Come mai i paguri trovano attraente questo composto? Secondo i ricercatori, alla base di questo comportamento concorrono diverse cause, tra cui l’acidificazione delle acque. I cambiamenti di pH danneggiano l’olfatto degli animali marini e, se la capacità olfattiva è compromessa, è facile per loro confondere una sostanza con un altra.

La struttura dell’oleamide somiglia a quella dell’acido oleico. La presenza di questa sostanza potrebbe dunque indicare ai paguri la presenza di cibo, traendoli in inganno. Si tratta di un fenomeno che si verifica anche con altre sostanze rilasciate dalla plastica e per i paguri rappresenta un pericolo, poiché granchi, gamberi e altre specie potrebbero ingerire più facilmente rifiuti di plastica per errore.

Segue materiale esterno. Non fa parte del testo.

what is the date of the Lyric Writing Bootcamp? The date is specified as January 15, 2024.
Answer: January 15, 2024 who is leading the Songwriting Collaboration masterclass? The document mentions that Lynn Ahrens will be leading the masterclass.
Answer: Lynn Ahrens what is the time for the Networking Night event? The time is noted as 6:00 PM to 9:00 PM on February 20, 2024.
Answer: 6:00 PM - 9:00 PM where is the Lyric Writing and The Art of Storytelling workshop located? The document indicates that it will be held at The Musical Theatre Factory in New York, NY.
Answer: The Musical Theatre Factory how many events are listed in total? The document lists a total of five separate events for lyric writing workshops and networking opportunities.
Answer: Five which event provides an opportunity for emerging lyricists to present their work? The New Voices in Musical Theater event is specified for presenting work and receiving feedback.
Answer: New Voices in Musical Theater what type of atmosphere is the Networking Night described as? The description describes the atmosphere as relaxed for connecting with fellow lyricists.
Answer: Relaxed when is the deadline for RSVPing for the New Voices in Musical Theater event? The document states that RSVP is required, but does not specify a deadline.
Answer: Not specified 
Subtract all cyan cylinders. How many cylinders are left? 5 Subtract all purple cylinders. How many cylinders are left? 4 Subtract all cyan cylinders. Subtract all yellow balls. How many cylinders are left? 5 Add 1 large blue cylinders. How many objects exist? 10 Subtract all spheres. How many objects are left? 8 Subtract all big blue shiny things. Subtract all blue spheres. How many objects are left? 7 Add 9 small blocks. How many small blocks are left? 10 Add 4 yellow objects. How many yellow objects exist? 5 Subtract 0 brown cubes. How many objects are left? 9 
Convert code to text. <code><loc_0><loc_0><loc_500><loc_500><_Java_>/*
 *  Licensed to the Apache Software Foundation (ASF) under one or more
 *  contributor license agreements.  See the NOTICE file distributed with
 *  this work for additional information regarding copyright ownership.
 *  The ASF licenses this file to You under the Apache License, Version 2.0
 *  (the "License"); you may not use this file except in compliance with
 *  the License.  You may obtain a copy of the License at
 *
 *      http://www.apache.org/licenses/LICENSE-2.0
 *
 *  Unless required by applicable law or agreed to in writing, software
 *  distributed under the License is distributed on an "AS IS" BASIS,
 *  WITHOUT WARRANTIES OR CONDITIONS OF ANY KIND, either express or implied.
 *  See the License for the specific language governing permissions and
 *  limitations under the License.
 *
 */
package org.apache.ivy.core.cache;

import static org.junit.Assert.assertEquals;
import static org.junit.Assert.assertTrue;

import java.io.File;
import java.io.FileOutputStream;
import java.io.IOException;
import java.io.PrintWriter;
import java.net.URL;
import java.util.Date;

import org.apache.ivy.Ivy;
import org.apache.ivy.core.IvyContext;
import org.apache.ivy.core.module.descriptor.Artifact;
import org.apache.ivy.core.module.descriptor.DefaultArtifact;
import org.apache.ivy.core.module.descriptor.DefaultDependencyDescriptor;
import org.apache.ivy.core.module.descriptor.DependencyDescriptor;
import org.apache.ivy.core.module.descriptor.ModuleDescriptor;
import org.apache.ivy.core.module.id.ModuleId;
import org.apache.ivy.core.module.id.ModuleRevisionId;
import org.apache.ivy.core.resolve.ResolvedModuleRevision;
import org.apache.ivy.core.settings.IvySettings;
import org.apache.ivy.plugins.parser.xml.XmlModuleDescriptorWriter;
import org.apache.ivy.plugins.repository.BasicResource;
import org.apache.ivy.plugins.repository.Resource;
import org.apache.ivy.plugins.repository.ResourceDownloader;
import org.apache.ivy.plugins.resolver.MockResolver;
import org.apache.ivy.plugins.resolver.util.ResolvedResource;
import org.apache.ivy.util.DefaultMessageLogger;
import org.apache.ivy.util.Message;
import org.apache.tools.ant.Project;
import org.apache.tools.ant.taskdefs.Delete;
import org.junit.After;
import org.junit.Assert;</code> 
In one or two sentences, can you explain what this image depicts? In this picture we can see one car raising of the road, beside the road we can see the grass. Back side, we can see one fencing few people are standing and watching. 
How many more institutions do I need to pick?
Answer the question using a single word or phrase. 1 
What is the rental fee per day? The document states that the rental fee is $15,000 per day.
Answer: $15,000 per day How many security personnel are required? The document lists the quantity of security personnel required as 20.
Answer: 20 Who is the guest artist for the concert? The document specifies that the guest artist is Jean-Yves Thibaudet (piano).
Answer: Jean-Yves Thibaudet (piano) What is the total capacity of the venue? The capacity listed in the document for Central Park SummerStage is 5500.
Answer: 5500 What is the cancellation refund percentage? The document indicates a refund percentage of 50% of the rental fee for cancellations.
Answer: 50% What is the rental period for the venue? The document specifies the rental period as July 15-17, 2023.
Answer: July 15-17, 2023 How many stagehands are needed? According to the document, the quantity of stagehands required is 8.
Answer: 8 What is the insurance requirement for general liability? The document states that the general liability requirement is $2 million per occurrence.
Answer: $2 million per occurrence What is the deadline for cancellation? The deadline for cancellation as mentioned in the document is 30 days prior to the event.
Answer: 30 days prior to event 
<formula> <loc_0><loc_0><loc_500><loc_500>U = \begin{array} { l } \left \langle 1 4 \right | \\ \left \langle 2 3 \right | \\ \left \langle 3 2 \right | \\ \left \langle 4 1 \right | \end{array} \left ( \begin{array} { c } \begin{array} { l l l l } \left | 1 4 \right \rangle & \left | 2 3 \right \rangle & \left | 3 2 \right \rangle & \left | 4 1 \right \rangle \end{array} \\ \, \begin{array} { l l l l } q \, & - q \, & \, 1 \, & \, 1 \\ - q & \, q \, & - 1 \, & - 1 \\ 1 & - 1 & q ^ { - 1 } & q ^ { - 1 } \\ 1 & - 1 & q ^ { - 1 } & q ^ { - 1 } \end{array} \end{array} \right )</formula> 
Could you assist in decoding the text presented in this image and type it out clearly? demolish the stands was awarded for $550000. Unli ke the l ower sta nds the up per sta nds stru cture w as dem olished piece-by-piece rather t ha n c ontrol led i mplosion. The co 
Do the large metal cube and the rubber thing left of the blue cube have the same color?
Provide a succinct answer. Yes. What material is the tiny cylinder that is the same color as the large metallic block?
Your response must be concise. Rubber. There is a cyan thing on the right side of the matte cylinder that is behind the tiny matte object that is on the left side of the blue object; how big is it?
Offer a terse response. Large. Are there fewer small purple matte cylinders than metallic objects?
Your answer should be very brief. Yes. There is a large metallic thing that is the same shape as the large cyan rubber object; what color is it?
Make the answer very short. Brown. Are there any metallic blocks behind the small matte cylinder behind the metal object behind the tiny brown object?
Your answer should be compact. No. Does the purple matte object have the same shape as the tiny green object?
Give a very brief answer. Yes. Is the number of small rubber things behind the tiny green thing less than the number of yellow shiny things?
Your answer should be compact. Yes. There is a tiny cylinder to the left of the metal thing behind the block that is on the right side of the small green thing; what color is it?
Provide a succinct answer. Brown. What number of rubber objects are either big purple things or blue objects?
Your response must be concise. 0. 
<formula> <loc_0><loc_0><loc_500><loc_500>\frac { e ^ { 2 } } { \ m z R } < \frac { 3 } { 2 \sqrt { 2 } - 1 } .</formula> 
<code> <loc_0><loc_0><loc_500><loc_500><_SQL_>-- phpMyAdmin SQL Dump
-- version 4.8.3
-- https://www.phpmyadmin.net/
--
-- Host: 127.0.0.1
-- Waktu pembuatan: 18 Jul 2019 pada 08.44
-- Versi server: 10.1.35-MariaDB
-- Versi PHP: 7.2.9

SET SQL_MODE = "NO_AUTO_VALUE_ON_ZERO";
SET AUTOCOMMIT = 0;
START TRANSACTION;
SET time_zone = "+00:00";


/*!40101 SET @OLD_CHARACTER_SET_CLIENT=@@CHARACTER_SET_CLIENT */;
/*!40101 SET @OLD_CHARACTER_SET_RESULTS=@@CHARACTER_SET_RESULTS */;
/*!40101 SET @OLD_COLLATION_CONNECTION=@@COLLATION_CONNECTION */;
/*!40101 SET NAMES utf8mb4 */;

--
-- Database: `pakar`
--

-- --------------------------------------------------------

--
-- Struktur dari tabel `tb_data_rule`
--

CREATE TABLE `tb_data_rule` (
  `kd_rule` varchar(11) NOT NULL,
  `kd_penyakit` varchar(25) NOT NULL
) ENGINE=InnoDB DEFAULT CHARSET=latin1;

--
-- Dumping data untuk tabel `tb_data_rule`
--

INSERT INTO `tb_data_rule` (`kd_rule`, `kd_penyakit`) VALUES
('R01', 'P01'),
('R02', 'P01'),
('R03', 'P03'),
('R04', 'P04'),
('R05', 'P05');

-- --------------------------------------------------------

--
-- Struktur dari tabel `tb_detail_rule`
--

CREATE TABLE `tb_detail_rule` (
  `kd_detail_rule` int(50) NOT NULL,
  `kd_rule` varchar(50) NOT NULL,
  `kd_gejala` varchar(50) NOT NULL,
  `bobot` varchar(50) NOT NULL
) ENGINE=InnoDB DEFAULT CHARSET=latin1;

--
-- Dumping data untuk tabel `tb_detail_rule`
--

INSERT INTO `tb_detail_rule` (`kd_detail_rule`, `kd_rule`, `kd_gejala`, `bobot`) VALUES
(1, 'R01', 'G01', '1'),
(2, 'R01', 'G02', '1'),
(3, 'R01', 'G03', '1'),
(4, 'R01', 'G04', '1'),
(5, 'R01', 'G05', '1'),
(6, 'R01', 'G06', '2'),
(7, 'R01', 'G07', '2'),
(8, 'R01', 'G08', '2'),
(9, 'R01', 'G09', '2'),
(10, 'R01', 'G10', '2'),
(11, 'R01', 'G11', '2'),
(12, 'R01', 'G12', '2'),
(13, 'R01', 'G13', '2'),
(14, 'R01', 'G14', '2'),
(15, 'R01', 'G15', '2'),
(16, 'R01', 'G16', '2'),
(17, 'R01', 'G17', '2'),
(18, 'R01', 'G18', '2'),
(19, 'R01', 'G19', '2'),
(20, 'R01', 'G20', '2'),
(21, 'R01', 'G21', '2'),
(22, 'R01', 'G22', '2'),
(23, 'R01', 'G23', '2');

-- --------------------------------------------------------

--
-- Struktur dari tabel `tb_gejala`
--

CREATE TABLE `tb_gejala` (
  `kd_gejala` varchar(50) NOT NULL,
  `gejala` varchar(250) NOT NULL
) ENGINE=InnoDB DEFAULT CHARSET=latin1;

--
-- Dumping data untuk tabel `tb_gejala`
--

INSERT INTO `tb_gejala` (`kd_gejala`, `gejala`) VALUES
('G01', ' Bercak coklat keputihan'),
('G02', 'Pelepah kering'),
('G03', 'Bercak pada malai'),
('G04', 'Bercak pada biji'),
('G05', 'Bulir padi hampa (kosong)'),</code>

La presenza di oleamide e di altri composti che attraggono gli animali marini possono inoltre interferire con la riproduzione, compromettendola.

Secondo i ricercatori, l’aumento dei rifiuti di plastica, unito all’acidificazione delle acque e all’aumento delle temperature sta avendo un impatto drammatico sugli animali marini e i risultati di questo nuovo studio non sono che l’ennesima conferma.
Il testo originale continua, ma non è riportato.